When he called me from the conference, I told him that the pictures had made me upset, fighting back tears during the whole conversation. As I am in no way a crier, having done so only twice at funerals, he knew that this was serious. He did apologize, saying that he was caught up in the "game" of taking pictures together, and did not think how it might make me feel. In all honesty, that revelation may have been the worst part for me; the lack of consideration on his part. While he is my number one priority and I anticipate how my actions my affect him, he neglected to even think of what the repercussions may be, wanting only to do what made him happy.

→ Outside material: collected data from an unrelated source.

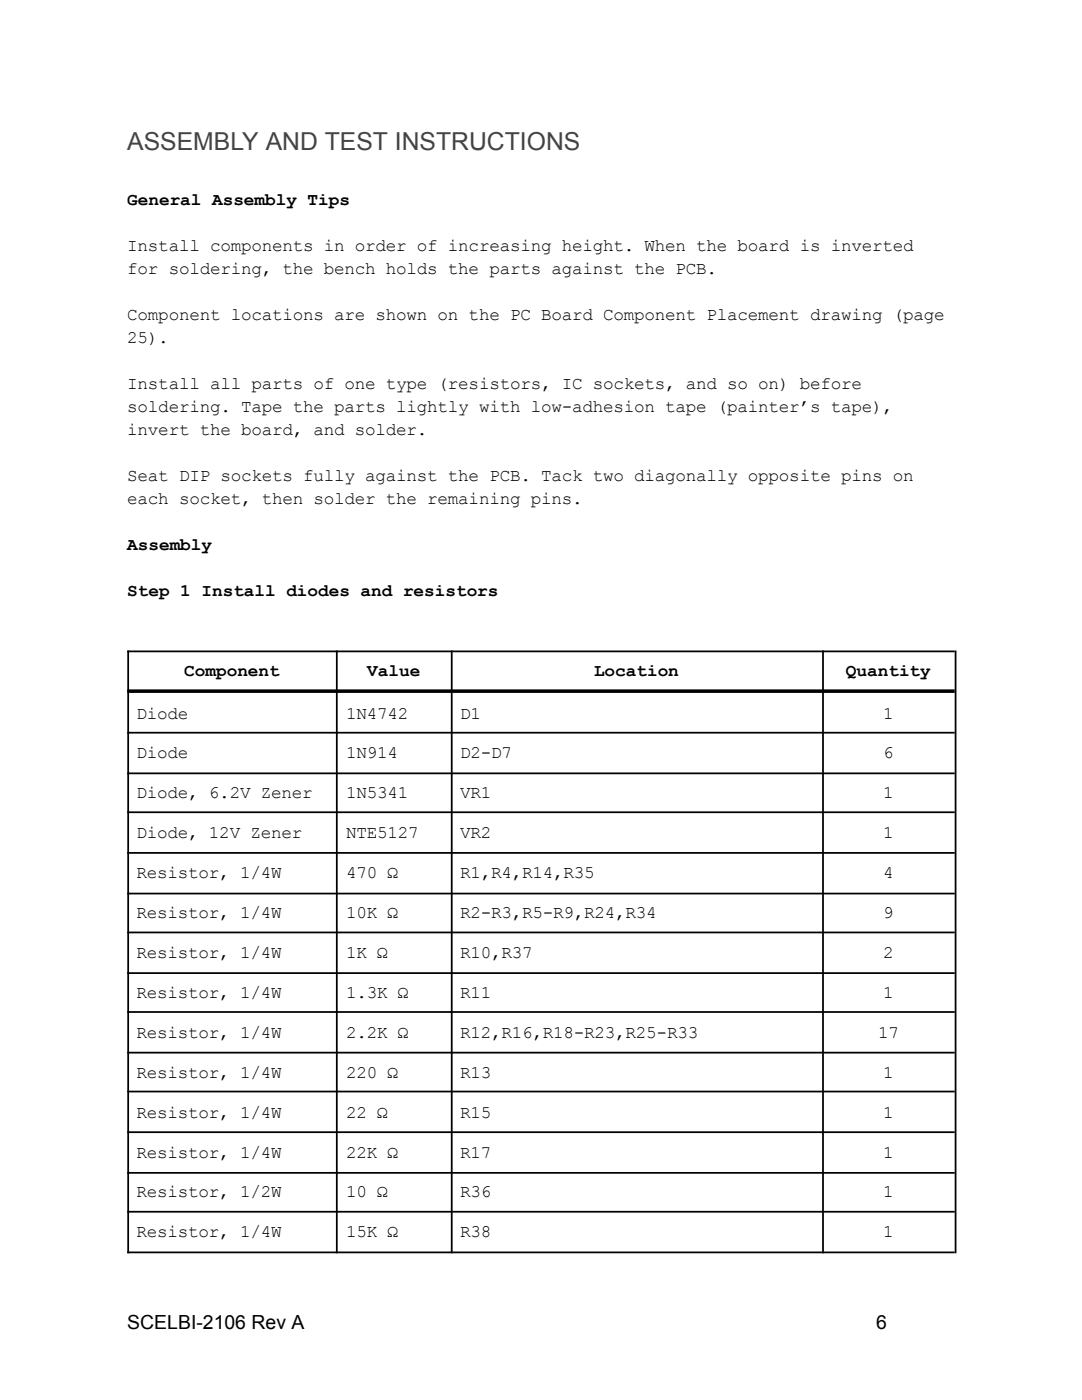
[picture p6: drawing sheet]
<svg xmlns="http://www.w3.org/2000/svg" width="216mm" height="279mm" viewBox="0 0 216 279" stroke-linecap="round" stroke-linejoin="round" font-family="sans-serif">
<defs><g id="words">
<text font-size="4.9" fill="#434343" x="25.4" y="30">ASSEMBLY AND TEST INSTRUCTIONS</text>
<g font-size="3.9">
<text x="25.4" y="265.2">SCELBI-2106 Rev A</text>
<text x="174.8" y="265.2">6</text>
</g>
<g font-size="3.5">
<text x="25.4" y="40.9">General Assembly Tips</text>
<text x="25.4" y="50.1">Install components in order of increasing height. When the board is inverted</text>
<text x="25.4" y="54.7">for soldering, the bench holds the parts against the PCB.</text>
<text x="25.4" y="63.9">Component locations are shown on the PC Board Component Placement drawing (page</text>
<text x="25.4" y="68.4">25).</text>
<text x="25.4" y="77.6">Install all parts of one type (resistors, IC sockets, and so on) before</text>
<text x="25.4" y="82.2">soldering. Tape the parts lightly with low-adhesion tape (painter’s tape),</text>
<text x="25.4" y="86.8">invert the board, and solder.</text>
<text x="25.4" y="96">Seat DIP sockets fully against the PCB. Tack two diagonally opposite pins on</text>
<text x="25.4" y="100.6">each socket, then solder the remaining pins.</text>
<text x="25.4" y="109.8">Assembly</text>
<text x="25.4" y="119">Step 1 Install diodes and resistors</text>
<text x="36.8" y="134.9">Component</text>
<text x="73.3" y="134.9">Value</text>
<text x="118.5" y="134.9">Location</text>
<text x="168.8" y="134.9">Quantity</text>
<text x="27.3" y="143.4">Diode</text>
<text x="69.1" y="143.4">1N4742</text>
<text x="91.8" y="143.4">D1</text>
<text x="176.2" y="143.4">1</text>
<text x="27.3" y="151.4">Diode</text>
<text x="69.1" y="151.4">1N914</text>
<text x="91.8" y="151.4">D2-D7</text>
<text x="176.2" y="151.4">6</text>
<text x="27.3" y="159.3">Diode, 6.2V Zener</text>
<text x="69.1" y="159.3">1N5341</text>
<text x="91.8" y="159.3">VR1</text>
<text x="176.2" y="159.3">1</text>
<text x="27.3" y="167.3">Diode, 12V Zener</text>
<text x="69.1" y="167.3">NTE5127</text>
<text x="91.8" y="167.3">VR2</text>
<text x="176.2" y="167.3">1</text>
<text x="27.3" y="175.3">Resistor, 1/4W</text>
<text x="69.1" y="175.3">470 Ω</text>
<text x="91.8" y="175.3">R1,R4,R14,R35</text>
<text x="176.2" y="175.3">4</text>
<text x="27.3" y="183.2">Resistor, 1/4W</text>
<text x="69.1" y="183.2">10K Ω</text>
<text x="91.8" y="183.2">R2-R3,R5-R9,R24,R34</text>
<text x="176.2" y="183.2">9</text>
<text x="27.3" y="191.2">Resistor, 1/4W</text>
<text x="69.1" y="191.2">1K Ω</text>
<text x="91.8" y="191.2">R10,R37</text>
<text x="176.2" y="191.2">2</text>
<text x="27.3" y="199.2">Resistor, 1/4W</text>
<text x="69.1" y="199.2">1.3K Ω</text>
<text x="91.8" y="199.2">R11</text>
<text x="176.2" y="199.2">1</text>
<text x="27.3" y="207.1">Resistor, 1/4W</text>
<text x="69.1" y="207.1">2.2K Ω</text>
<text x="91.8" y="207.1">R12,R16,R18-R23,R25-R33</text>
<text x="175.2" y="207.1">17</text>
<text x="27.3" y="215.1">Resistor, 1/4W</text>
<text x="69.1" y="215.1">220 Ω</text>
<text x="91.8" y="215.1">R13</text>
<text x="176.2" y="215.1">1</text>
<text x="27.3" y="223.1">Resistor, 1/4W</text>
<text x="69.1" y="223.1">22 Ω</text>
<text x="91.8" y="223.1">R15</text>
<text x="176.2" y="223.1">1</text>
<text x="27.3" y="231">Resistor, 1/4W</text>
<text x="69.1" y="231">22K Ω</text>
<text x="91.8" y="231">R17</text>
<text x="176.2" y="231">1</text>
<text x="27.3" y="239">Resistor, 1/2W</text>
<text x="69.1" y="239">10 Ω</text>
<text x="91.8" y="239">R36</text>
<text x="176.2" y="239">1</text>
<text x="27.3" y="246.9">Resistor, 1/4W</text>
<text x="69.1" y="246.9">15K Ω</text>
<text x="91.8" y="246.9">R38</text>
<text x="176.2" y="246.9">1</text>
</g>
</g></defs>
<g fill="none" stroke="#000" stroke-width=".35">
<path d="M25.4 130h165.1M25.6 129.8v120.3M67.2 129.8v120.3M90.1 129.8v120.3M164.2 129.8v120.3M190.7 129.8v120.3M25.4 146.2h165.1M25.4 154.3h165.1M25.4 162.1h165.1M25.4 170.2h165.1M25.4 178.3h165.1M25.4 186.1h165.1"/>
<path d="M25.4 194.2h165.1M25.4 202h165.1M25.4 210.1h165.1M25.4 217.8h165.1M25.4 226h165.1M25.4 234.1h165.1M25.4 241.8h165.1M25.4 249.9h165.1"/>
</g>
<path d="M25.4 137.9h165.1" fill="none" stroke="#000" stroke-width=".71" stroke-linecap="butt"/>
<use href="#words"/>
</svg>

Well, I have reached the end of my long tirade. My sister feels that I am not being assertive enough, and in wanting to make my husband happy, I allow him to walk over me. She told me that if her husband had done these things, that she would insist upon marriage counseling, and to let it be known that if this behavior continued, that she would be considering divorce. I believe this course of action is a bit extreme, but my question to all of you kind souls who have read this novel is what you would do if you were in my situation. Am I overreacting over a couple of pictures? Do you think that my reasons for concern are insignificant, or might this be a continuing issue that needs to be addressed? Should I accept the apology, and let it become just another thing to be brushed off, or should I try to make him understand that a change needs to be made? I am not asking that they stop being friends, but that they both contemplate how their actions might make me feel beforehand. 

Thanks again for reading, and for your help!


----------



## Syrum (Feb 22, 2011)

No you are not overreacting. His relationships are completely inappropriate and I wouldn't be comfortable with my husband having a working (or any) relationship like that.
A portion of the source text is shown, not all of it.